Our afternoon saw us heading to Huecos Tanks, a Texas State Park. It is a rock climber’s paradise. Climbers come from all over to test their skills on the massive jumble of rock. We weren’t feeling quite that nimble, so we just took the hiking trails with our guide, Mary. We saw rock paintings and carvings from ages past. Huecos is Spanish for hollows, so it is hollow tanks. The name is derived from all the depressions in the rocks that catch and hold rain water. Some rocks have a ‘swiss cheese’ effect with all the hollows in them. After a couple hour hike, we were all ready to head back to the Mission to wash up for dinner at the Cattlemen’s Steakhouse. We all had a very good steak and learned that the restaurant had been named ‘The Manliest Steakhouse in America’. We don't know what it takes to achieve this title, but with our bellies full, we headed to a mountain overlook to see the city lights of El Paso and Juarez, Mexico. It was a spectacular view but the cool temperatures and a stiff breeze made for a brief visit. Back to the Mission again for our evening Bible study and shortly after that we all took our weary bodies to bed. One more day of work before heading North to hearth and home.

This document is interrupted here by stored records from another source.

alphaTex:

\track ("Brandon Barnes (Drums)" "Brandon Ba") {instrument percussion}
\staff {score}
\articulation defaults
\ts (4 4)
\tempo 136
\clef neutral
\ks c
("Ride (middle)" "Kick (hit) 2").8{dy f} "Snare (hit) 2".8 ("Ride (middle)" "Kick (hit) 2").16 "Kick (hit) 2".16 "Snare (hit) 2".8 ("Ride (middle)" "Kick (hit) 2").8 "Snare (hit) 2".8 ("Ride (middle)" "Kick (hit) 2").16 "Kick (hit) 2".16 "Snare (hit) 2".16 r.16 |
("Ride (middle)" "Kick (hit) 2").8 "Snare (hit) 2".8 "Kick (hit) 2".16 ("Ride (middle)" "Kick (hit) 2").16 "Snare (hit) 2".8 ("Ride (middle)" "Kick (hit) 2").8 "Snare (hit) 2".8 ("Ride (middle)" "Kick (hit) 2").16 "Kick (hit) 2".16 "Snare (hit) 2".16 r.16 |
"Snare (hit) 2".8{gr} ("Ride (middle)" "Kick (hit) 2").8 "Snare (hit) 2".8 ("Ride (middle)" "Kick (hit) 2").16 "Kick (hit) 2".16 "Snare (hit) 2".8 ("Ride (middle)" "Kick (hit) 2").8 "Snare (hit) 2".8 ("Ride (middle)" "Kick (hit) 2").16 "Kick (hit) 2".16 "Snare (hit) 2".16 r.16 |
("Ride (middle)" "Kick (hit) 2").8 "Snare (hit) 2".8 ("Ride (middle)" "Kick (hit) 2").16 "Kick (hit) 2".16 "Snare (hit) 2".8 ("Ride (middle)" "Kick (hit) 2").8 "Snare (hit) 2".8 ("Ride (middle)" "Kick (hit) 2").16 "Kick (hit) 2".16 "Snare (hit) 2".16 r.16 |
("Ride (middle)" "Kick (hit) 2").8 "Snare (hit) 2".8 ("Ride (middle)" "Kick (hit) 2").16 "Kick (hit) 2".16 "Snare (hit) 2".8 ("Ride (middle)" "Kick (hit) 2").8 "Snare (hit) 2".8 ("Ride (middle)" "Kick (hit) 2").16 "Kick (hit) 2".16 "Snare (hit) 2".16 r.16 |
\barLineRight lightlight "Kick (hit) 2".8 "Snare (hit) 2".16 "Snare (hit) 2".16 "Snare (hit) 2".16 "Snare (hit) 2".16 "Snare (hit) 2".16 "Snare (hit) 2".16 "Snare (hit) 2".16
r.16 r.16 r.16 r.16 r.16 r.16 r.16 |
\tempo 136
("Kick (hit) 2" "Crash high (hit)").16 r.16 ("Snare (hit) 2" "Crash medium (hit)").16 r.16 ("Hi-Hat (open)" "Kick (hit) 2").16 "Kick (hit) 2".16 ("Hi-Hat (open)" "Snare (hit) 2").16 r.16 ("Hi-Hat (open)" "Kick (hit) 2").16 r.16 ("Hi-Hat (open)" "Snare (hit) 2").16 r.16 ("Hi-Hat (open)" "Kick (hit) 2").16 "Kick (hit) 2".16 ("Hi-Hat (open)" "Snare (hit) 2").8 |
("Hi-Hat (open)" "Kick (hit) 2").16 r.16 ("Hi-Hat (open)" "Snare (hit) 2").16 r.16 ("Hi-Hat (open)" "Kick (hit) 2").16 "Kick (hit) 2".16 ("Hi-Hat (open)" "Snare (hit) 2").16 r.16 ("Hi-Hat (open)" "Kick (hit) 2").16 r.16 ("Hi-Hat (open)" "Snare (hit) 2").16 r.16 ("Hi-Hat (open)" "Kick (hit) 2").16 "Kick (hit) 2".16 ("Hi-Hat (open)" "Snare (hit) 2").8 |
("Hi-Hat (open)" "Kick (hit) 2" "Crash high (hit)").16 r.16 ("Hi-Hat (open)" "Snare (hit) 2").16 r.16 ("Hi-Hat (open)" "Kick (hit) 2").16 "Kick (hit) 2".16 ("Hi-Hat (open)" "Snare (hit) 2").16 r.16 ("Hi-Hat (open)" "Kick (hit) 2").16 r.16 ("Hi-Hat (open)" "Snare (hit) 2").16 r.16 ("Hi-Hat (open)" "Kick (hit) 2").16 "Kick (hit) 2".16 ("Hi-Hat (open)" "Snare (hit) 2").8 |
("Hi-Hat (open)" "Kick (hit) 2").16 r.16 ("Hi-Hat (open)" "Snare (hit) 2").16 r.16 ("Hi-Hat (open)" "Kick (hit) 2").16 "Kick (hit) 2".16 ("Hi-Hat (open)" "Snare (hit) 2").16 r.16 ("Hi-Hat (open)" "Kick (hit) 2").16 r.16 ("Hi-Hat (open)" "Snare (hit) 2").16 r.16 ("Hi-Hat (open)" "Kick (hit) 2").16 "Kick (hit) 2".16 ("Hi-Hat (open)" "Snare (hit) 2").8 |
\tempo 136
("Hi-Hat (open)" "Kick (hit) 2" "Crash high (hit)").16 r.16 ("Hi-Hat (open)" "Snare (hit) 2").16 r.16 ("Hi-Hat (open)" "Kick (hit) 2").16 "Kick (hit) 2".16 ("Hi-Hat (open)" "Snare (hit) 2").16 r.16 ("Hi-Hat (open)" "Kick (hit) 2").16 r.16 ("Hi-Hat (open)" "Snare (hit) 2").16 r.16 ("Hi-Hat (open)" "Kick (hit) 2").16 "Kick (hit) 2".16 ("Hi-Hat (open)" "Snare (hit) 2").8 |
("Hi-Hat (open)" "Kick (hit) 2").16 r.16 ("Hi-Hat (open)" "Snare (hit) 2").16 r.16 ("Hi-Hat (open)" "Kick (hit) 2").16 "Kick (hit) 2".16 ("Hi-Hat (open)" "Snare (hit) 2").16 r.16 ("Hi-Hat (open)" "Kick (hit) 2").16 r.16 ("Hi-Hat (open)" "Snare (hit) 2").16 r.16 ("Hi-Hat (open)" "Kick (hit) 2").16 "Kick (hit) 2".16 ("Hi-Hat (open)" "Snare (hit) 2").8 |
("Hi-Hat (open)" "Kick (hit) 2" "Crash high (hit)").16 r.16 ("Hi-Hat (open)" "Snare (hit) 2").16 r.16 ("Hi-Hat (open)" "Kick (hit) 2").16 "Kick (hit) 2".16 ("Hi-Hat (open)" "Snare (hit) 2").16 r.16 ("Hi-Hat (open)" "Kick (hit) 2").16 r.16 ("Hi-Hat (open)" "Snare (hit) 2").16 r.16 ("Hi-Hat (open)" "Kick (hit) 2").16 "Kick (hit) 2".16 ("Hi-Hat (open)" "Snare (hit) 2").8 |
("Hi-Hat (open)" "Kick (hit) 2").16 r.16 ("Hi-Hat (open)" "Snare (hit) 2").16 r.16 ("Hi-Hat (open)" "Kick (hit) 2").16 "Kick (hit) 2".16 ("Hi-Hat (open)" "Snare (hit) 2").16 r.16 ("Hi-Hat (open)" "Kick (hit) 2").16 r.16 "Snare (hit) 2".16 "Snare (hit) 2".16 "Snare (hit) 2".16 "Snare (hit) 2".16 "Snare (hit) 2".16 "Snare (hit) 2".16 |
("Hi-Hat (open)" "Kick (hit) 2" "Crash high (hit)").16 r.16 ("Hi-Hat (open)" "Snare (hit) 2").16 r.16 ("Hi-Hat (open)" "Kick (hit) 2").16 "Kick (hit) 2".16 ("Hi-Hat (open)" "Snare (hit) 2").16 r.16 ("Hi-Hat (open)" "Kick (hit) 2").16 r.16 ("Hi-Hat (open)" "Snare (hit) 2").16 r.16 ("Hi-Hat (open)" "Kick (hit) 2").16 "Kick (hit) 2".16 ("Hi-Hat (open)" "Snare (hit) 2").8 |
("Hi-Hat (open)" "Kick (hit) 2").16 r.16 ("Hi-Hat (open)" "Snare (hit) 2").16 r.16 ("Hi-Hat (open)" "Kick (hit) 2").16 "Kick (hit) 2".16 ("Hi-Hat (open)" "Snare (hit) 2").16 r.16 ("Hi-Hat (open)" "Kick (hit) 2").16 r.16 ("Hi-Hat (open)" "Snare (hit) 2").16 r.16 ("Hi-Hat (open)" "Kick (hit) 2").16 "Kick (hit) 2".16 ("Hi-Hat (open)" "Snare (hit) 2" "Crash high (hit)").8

This is our last day at Ysleta. No rude awakenings by fire alarms for us today! After another hearty
breakfast prepared by Rita, we headed to the kitchen one last time. The tiling had been completed yesterday which means that today has us cleaning the excess mortar out of the grout lines followed by grouting and
washing. These are all very repetitive, continuous motion activities, all hand and knees, rubbing,
scrubbing, and scraping. We manage to get done before 3 o’clock, but we all felt like a full days’ work had been done. The snowbirds will have to give the floor a final mopping, caulking around the perimeter and sealing the grout next week. As we understand
it, they want to paint the walls as well. With the needed washing, priming and painting, they probably won’t be able to reopen the kitchen next week. We feel good about the work that we did and we pray for the continued success of this ministry to the community. After a shower, a couple hours of rest and packing, we concluded our week here by stepping out for some ice cream. Even that turned into a mini-adventure. Our GPS was providing some very odd directions and before we got to the intended destination, we saw a Dairy Queen – success!! Ice cream in hand, we headed back to the Mission to watch the opening of the Olympics.
This is our travel day. We had to leave the Mission by 7 AM for an 8:30 flight from El Paso to Phoenix. After a 3 hour layover, we will board a flight for Chicago and finally shuttle back to our van and head home. We are all rather tired but satisfied with the work that we have done. Our hands and knees are a little worse for the wear, but they will heal. The important thing is that through our efforts and the efforts of others in the next week, the kitchen will re-open to serve the community and show the love of Christ in action to the residents of El Paso. The Mission is an inspiration to us on how we need to reach out to help others and show them how Christian love can and does make a difference in lives.
We look forward to seeing you all on Sunday.